= VisionPLUS =

Financial software application

VisionPLUS is a financial software application from First Data Corporation. Originally developed by the Paysys Research and Development Group, this application is mainly used for credit card transaction processing by banks and transaction processing companies, storing and processing credit card, debit card, prepaid, closed end loan accounts and similar financial transactions such as Visa, MasterCard, American Express, Europay, and private label transactions against those accounts. More than 600 million cards around the world are processed on different versions of this application software.

==Modules==
VisionPLUS consists of various modules that work together to manage the life cycle of accounts. VisionPLUS allows financial institutions to configure their own product features and functionality.
===The main functional modules of VisionPLUS include===

 * Credit Decision Management (CDM) - Credit application processing and account opening
 * Credit Management System (CMS) - Account credit processing module, which also handles debit and prepaid card accounts.
 * Collections Tracking Analysis (CTA) - Delinquent accounts collections and tracking module
 * Account Services Management (ASM) - Customer services module
 * Financial Authorisation System (FAS) - Financial transactions authorizations module
 * Letters tracking System (LTS) - Letter generation module
 * Security Sub System (SSC) - Common Routines System (formerly Security Sub-System)
 * World Wide Security System (WSS) - User Access Management
 * Interchange Tracking System (ITS) - Dispute tracking module
 * Transaction Management System (TRAMS) - Front-end processor for batched transactions
 * Merchant BankCard System (MBS) - Merchant acquiring system
 * VisionPLUS Messaging eXchange (VMx) - XML messaging gateway to VisionPLUS
 * Hierarchy Company System (HCS) – Supports commercial card products with deep hierarchies
 * Loyalty Management System (LMS) - Managing of loyalty programs based on transactional activity and account events
 * EMV Scripting System (ESS) - Rules engine based EMV script management
 * Key Management System (KMS) - Cryptography key management for magnetic and EMV chip cards
 * Offer Management System (OMS) - Marketing Campaign management for account holders

CMS is the core module and plays an important part, as all account-related activities are posted in the CMS module.

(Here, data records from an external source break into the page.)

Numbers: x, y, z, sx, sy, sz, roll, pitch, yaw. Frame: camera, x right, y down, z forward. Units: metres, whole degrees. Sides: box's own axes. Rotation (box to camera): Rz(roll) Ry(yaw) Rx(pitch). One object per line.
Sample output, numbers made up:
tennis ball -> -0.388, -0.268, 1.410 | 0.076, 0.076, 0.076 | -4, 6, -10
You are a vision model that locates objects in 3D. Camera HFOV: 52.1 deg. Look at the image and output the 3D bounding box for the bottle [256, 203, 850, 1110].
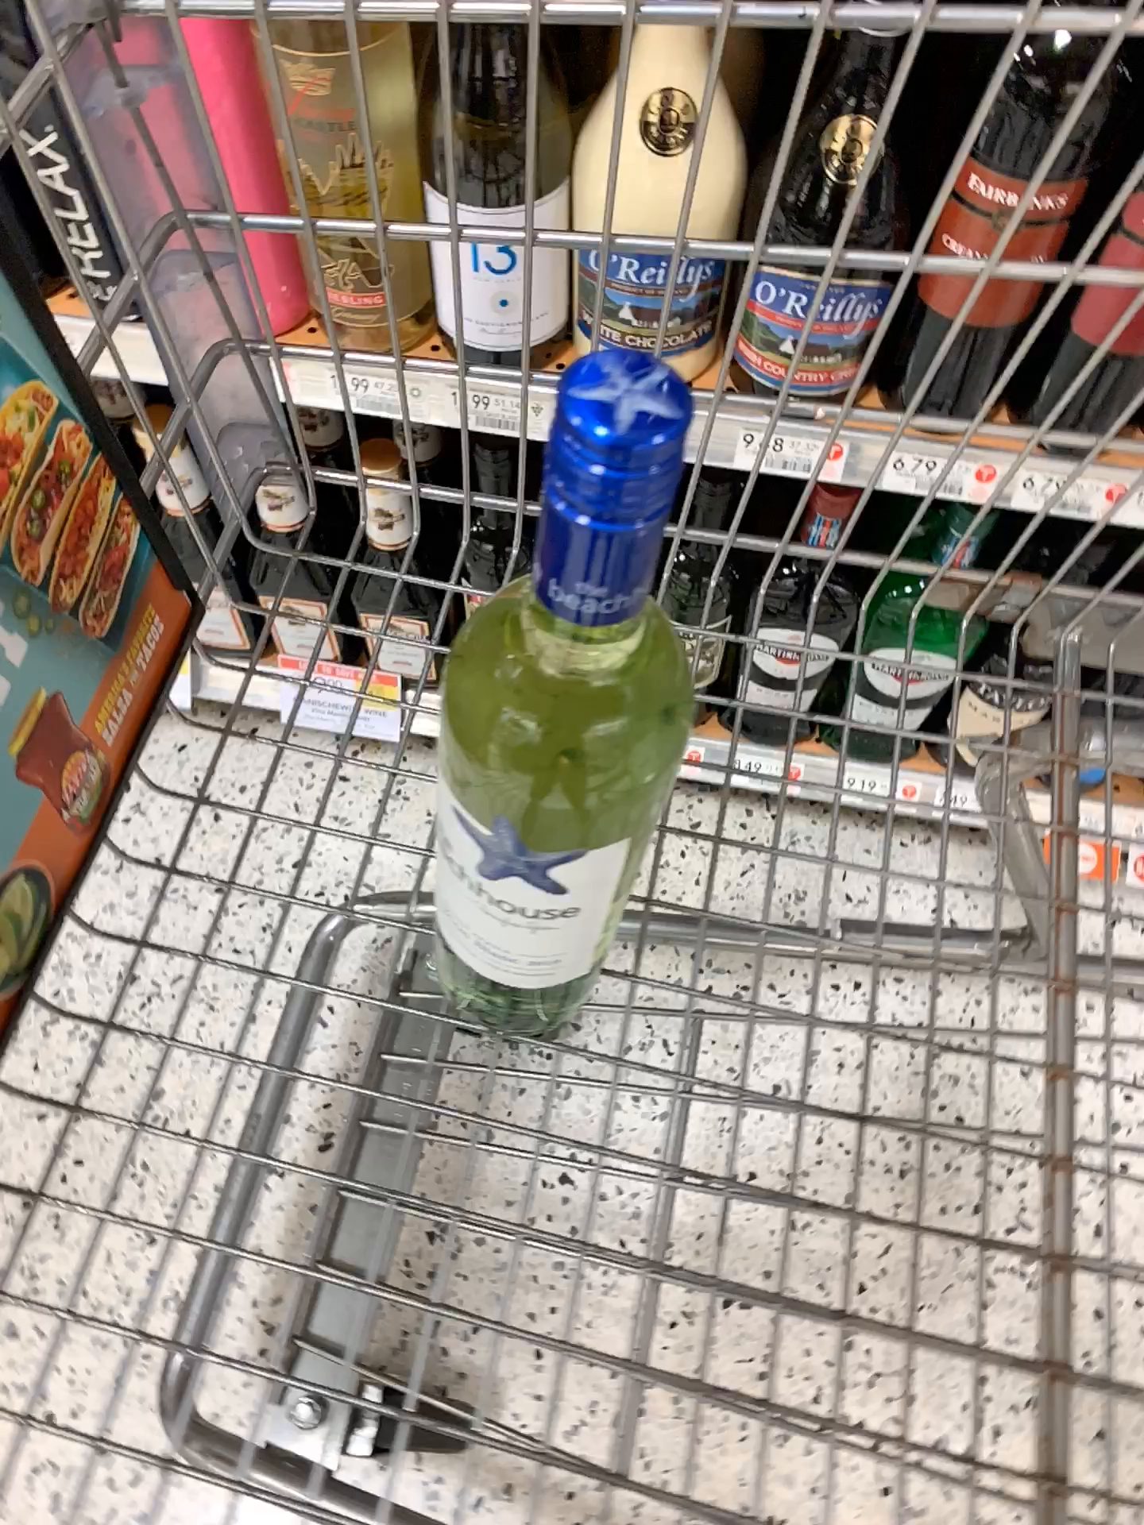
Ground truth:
bottle -> -0.011, 0.011, 0.380 | 0.090, 0.338, 0.091 | 2, 60, -3

VisionPLUS Software was introduced by Paysys International Inc. in 1996. In 2001, First Data Corporation acquired Paysys and since then VisionPLUS has been marketed by FirstData in Europe and elsewhere.

===Versions===
- 1981 PaySys International, founded as Credit Card Software, Inc., (CCS)
- 1982 CCS shipped its first product, CardPac. Its main market was the bankcard industry (Visa and MasterCard transaction processing only).
- 1988 Vision21 was released for the private label card market by CCS International
- 1991 VisionPLUS for both private label and bankcard market by CCS International
- 1995 CCS changed its name to PaySys International, Inc.
- 1998 VisionPLUS 2.5 was released by PaySys
- 2000 VisionPLUS 8.0 was released
- 2001 First Data acquires VisionPLUS from PaySys International
- 2006 VisionPLUS 8.01 was released by First Data
- 2007 VisionPLUS 8.15 was released by First Data
- 2008 VisionPLUS 8.17 was released by First Data
- 2011 First Data lays off the majority of its U.S.-based VisionPLUS developers. Development and maintenance is sent offshore to Singapore and India.
- 2013 VisionPLUS 8.44 was released by First Data

Due to software feature upgrades and compliance mandates from payments schemes like Visa, MasterCard, American Express, and JCB, First Data releases updates twice a year. There are also incremental functional releases and brand new products (modules) released from time to time. These are referred to as VisionPLUS 8.nn (where nn stands for a number between 01 and 99).